In data analysis, anomaly detection is one of the widely used techniques for data classification. These algorithms are used in variety of applications such as network intrusion detection, Health monitoring, Asset Management and predictive maintenance and many more. With focus on production line sensor data, and depending on the level of automation involved in the line, anomaly detection can be as simple as implementation of a conditional logic that monitors deviation from setpoints. However, most of the time and when dealing with more sophisticated production lines, failures may arise from contribution of multiple behaviours which might not necessarily lead to an alarm. In such occasions, recognizing patterns leading into such anomalies can prevent failures from occurance. In this repository we will be reviewing a case study of a finctional production line and random anomalies that can happen within certain cycles.
Pattern A:We consider pattern A to be our production cycle pattern. For simplicity, peak points of the patterns are stored in a list with time segments in minutes stored in corresponding dictionary. Think about this pattern as a signal that indicates a production cycle (e.g. Pressure in mold cavity).

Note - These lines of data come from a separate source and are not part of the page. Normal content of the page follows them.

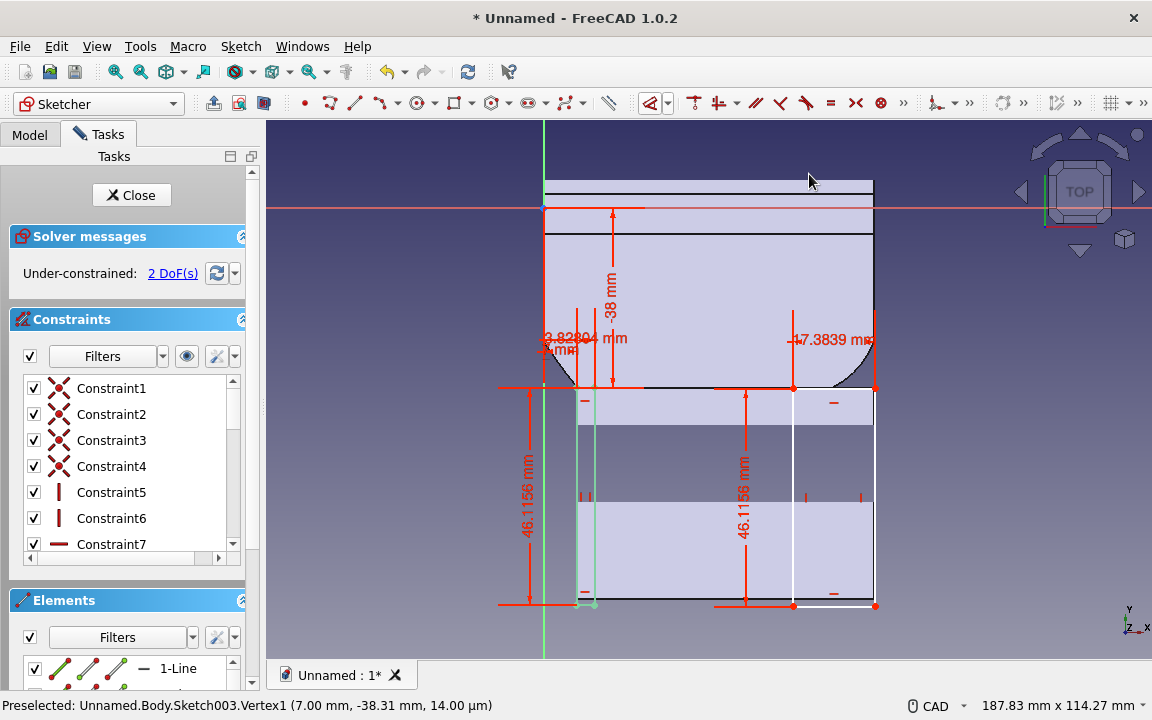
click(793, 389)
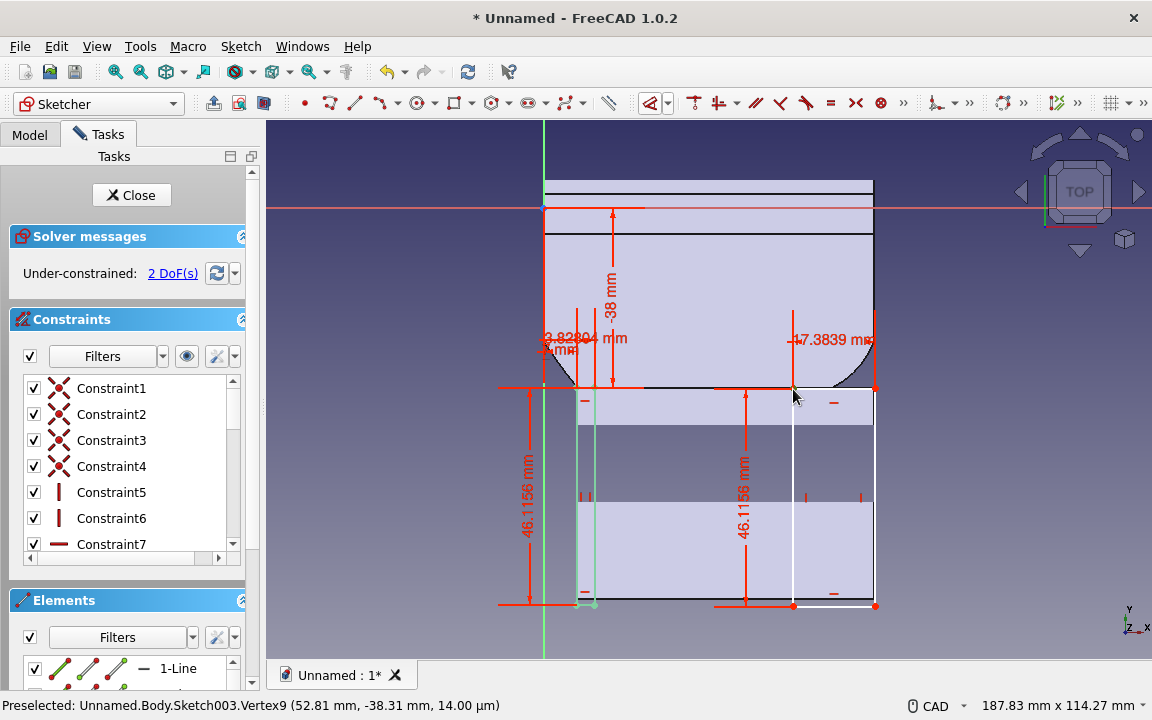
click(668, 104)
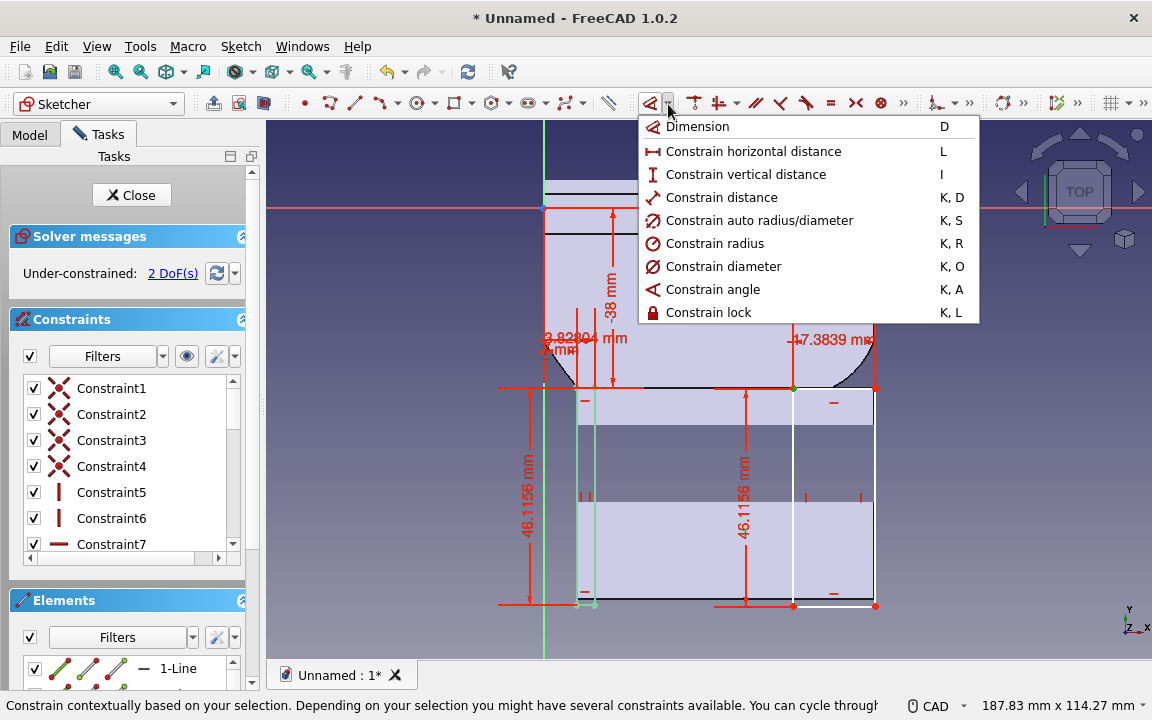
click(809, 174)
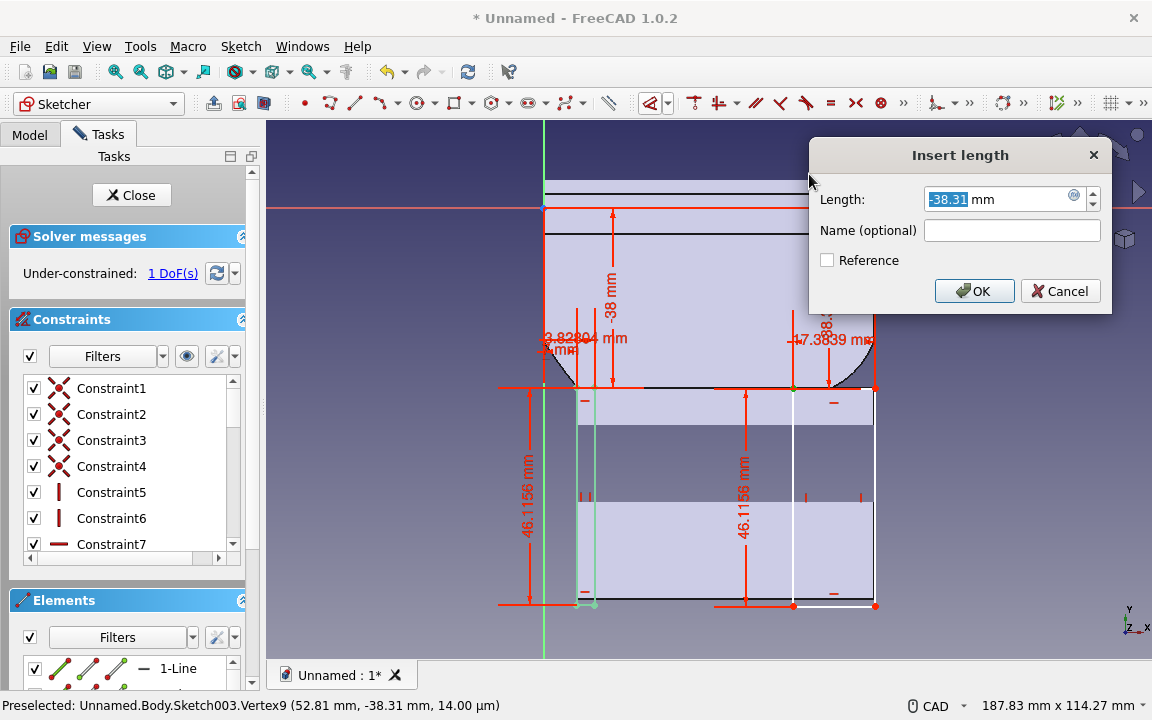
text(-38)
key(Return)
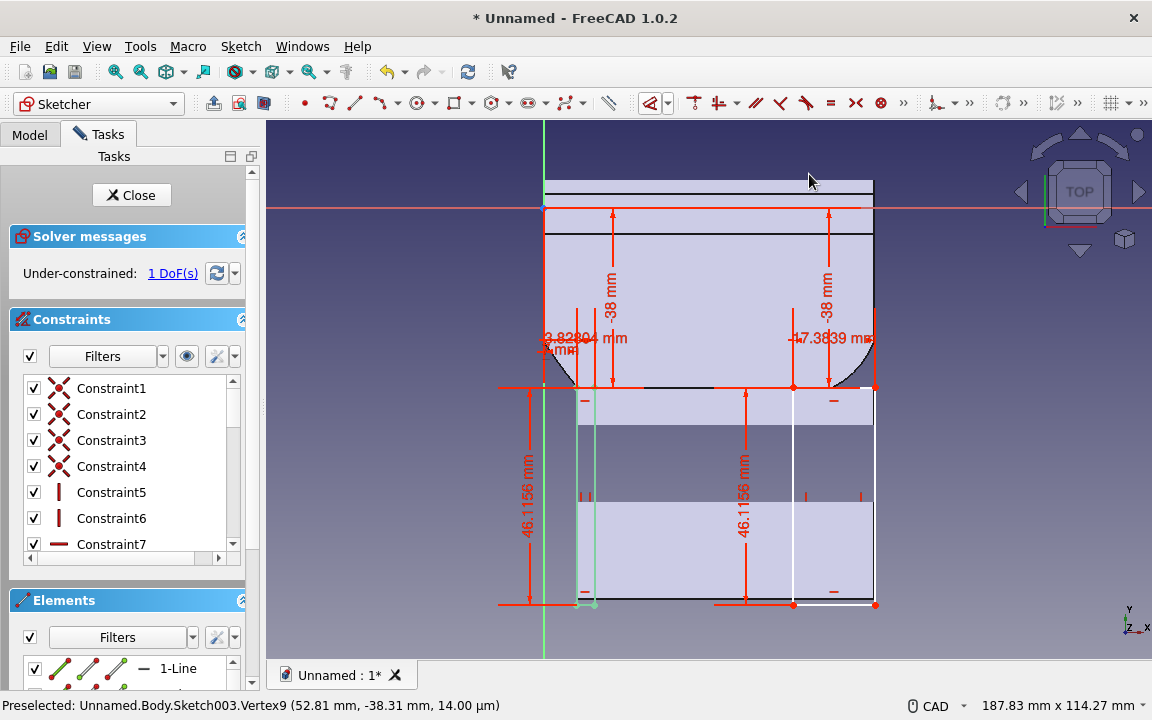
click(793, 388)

Pattern B,C,D:These patterns represent other behaviours during production time that might not necessarily represent a production cycle. For instance, purging the machine or start-up or etc. The values stored in Segment dictionary are the X axis values which in our case is the 10th of a minute. Therefore, if the maximum value in segment['A'] is 6, this means that the corresponding cycle takes: 6 x 10 x 60 = 3600 seconds.
We will be generating a random production schedule that is logged second-by-second. Any scenario of A, B, C or D can happen throughout the day and they are randomly distributed across the schedule. For convenience, we have labelled any production timestamp as a 0 or 1 representing whether we are making a part or not. This label is only for training purposes and will not be used for anomaly detection. Our assumption is that our system does not have a particular tag representing production/no production trends in the log.
Depending on our production cycle, different sensor data is stored in a separate folder. We have allocated a chance of 40% for anomalies that might occur during day and the daily logs are populated accordingly with this probability.
Subsequently, once the daily log is generated, the data is stored in corresponding folders of Cycle and Sensor as a .CSV file.
A deep neural network architecture is being developed across equal samplese of Production/No-Prdouction data in order to distinguish between the cycle times where Pattern A has been repeated against the cycle times where other patterns are occuring. The deep neural network architecture in this example uses one-dimensional Convolutional Neural Network as a proof of concept. Other Deep learning networks such as LSTM could also be utilized.
Once the model is generated, random days are broken into sliding windows shifting with a resolution size and the window of our interest is being fed into our Cycle_Detector model. For fine resolutions, typically the model predicts high probabilities on adjacent timestamps. To avoid overfitting in this scenario, we used an argmax functionality where the probability peaks are being determined as the output of the model. The cycle times are exported via RESTFUL API to other endpoints in use.